GG on Obama's Libya War Action 2011:
"..what is undeniable is that Obama could have easily obtained Congressional approval for this war -- just as Bush could have for his warrantless eavesdropping program -- but consciously chose not to, even to the point of acting contrary to his own lawyers' conclusions about what is illegal. Other than the same hubris -- and a desire to establish his power to act without constraints -- it's very hard to see what motivated this behavior."
GG on Obama's claims to supercede judicial review of classified documents:
"The brief filed by Obama on Friday afternoon has to be read to believed. It is literally arguing that no court has the power to order that classified documents be used in a judicial proceeding; instead, it is the President -- and the President alone -- who possesses that decision-making power... That's about as clear as it gets. There is only one branch with the power to decide if these documents can be used in this Article III court proceeding: The Executive. What the President decides is final. His decision is unreviewable. It's beyond the reach of the law. No court has the authority to second-guess it or to direct the President to comply with a disclosure order. That's the mentality"
His more recent comments are even more critical. If that's "85%" I'm good with 85%.

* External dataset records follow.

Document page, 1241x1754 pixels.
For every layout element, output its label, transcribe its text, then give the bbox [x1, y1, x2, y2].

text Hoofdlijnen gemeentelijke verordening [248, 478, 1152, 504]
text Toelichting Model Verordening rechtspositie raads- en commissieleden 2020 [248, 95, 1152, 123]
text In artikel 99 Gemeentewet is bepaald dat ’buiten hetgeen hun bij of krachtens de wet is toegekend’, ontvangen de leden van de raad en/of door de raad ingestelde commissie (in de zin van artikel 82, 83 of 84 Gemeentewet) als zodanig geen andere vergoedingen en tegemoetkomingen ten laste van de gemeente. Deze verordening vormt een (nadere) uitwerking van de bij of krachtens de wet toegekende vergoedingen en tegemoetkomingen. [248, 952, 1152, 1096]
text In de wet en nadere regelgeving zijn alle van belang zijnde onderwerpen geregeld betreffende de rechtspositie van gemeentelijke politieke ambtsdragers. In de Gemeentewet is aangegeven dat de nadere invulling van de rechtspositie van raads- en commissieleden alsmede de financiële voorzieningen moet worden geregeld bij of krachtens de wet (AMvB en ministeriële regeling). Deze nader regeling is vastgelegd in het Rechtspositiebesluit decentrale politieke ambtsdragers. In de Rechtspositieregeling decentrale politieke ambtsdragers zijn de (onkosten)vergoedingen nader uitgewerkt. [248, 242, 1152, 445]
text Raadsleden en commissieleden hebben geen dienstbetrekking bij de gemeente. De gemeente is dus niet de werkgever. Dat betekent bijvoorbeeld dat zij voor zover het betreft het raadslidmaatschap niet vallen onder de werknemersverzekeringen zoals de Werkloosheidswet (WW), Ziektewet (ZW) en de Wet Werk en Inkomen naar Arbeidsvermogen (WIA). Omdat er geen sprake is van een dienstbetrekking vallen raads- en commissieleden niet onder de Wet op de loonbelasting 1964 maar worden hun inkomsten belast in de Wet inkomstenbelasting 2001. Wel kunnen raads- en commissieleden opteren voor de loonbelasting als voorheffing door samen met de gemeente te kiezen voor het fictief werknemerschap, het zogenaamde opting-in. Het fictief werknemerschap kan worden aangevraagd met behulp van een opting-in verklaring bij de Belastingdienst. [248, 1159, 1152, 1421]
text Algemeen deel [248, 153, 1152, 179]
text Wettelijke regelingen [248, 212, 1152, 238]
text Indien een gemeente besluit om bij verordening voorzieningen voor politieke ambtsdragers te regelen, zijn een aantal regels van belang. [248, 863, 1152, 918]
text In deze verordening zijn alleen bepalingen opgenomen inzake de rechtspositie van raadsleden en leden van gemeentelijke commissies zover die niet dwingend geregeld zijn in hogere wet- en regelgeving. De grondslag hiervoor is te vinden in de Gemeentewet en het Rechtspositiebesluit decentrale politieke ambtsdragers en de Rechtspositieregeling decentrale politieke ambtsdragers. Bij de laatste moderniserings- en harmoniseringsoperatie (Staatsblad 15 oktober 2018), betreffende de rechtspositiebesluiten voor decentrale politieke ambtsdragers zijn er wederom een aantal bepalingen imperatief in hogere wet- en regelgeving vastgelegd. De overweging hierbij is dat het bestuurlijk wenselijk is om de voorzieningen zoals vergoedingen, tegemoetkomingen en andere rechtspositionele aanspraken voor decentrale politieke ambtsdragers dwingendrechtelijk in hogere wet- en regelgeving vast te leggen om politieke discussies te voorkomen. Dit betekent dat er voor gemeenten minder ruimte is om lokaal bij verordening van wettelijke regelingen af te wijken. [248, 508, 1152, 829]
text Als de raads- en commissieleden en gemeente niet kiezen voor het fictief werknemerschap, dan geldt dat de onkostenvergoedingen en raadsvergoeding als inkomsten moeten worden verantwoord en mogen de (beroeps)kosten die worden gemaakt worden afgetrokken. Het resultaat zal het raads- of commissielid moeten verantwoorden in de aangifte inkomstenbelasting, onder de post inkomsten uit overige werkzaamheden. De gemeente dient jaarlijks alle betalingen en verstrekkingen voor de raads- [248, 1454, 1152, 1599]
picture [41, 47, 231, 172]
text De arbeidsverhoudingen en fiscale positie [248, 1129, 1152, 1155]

Regarding my "GG fanclub", please note I am also citing/linking Rand Paul and Freedomworks (Koch Bros)lawsuit/criticism which is presumably more to your liking.

Bottom line, Greenwald is constitutional lawyer and a progressive. That makes his critique of Obama executive overreach far more effective, credible and damaging than criticism levied by those whose motivation can be painted as partisan hackery or Obama Derangement Syndrome.

If you can't see that because your personal animus for Greewald overrides your rational faculties, I can't help you.

Hugh Fuller Schitte said...

Oh. Forgive me.

I didn't realize a minor quibble on a tiny area of process was a serious criticism of the entire Obama administration. If that's the kind of "proof" you find for GG being a heroic critic, no wonder you think you "can't help me." You can't even help yourself!

So let's recap.

I ask you to prove GG is a staunch critic of Obama and the Democrats prior to 2013.

You offer a tepid wishy-washy statement in which GG says Obama could have chosen a different procedural bit of rhetorical gamesmanship.

So in your world, "criticizing" Obama can be as mild as saying his shoes didn't match his belt.

Gotcha.

For a satirist, you sure do lack satirical chops and for a political analyst, you sure do lack analytic chops.

But I am sure you amuse yourself with this blog, and that's really all that matters. Keep smiling at that guy in the mirror!